*WORK ITEM:*
Return every line of the entries that includes the word "Input".

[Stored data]
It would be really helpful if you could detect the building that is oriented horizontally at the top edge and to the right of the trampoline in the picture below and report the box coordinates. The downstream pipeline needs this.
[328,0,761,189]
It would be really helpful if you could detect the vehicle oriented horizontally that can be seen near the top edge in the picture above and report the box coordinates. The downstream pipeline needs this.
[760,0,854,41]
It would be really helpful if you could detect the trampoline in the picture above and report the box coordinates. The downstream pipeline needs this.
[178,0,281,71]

==

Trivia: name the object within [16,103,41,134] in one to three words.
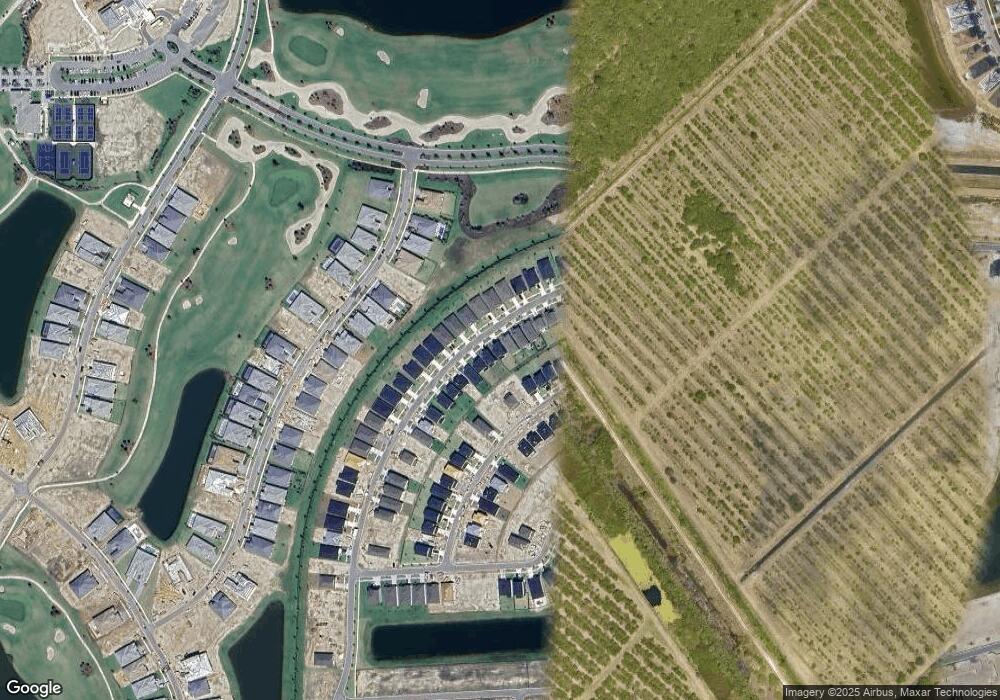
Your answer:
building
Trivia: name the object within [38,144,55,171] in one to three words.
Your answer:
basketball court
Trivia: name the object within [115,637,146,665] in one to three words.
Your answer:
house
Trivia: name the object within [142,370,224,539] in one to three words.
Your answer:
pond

---

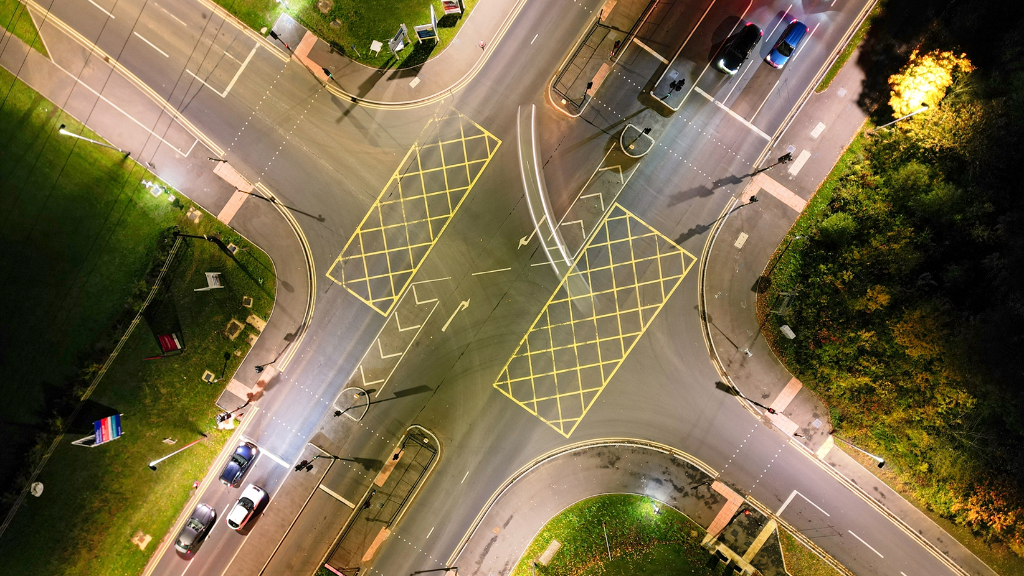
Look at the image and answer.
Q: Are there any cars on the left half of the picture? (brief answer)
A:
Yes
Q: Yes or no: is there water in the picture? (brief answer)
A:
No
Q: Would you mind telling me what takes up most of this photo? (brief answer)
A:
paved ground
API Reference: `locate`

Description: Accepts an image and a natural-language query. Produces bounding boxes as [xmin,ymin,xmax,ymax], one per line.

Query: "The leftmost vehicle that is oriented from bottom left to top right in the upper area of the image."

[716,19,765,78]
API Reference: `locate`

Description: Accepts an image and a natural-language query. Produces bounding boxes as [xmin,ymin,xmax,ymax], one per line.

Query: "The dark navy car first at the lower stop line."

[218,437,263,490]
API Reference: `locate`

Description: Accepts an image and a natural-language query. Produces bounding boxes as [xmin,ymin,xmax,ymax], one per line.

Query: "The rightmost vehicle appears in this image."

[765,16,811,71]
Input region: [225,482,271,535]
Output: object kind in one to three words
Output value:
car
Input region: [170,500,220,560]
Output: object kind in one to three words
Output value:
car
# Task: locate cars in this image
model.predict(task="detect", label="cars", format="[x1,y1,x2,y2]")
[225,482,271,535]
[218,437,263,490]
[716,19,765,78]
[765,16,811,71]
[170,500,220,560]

*RESULT:*
Input region: [225,482,271,535]
Input region: [170,500,220,560]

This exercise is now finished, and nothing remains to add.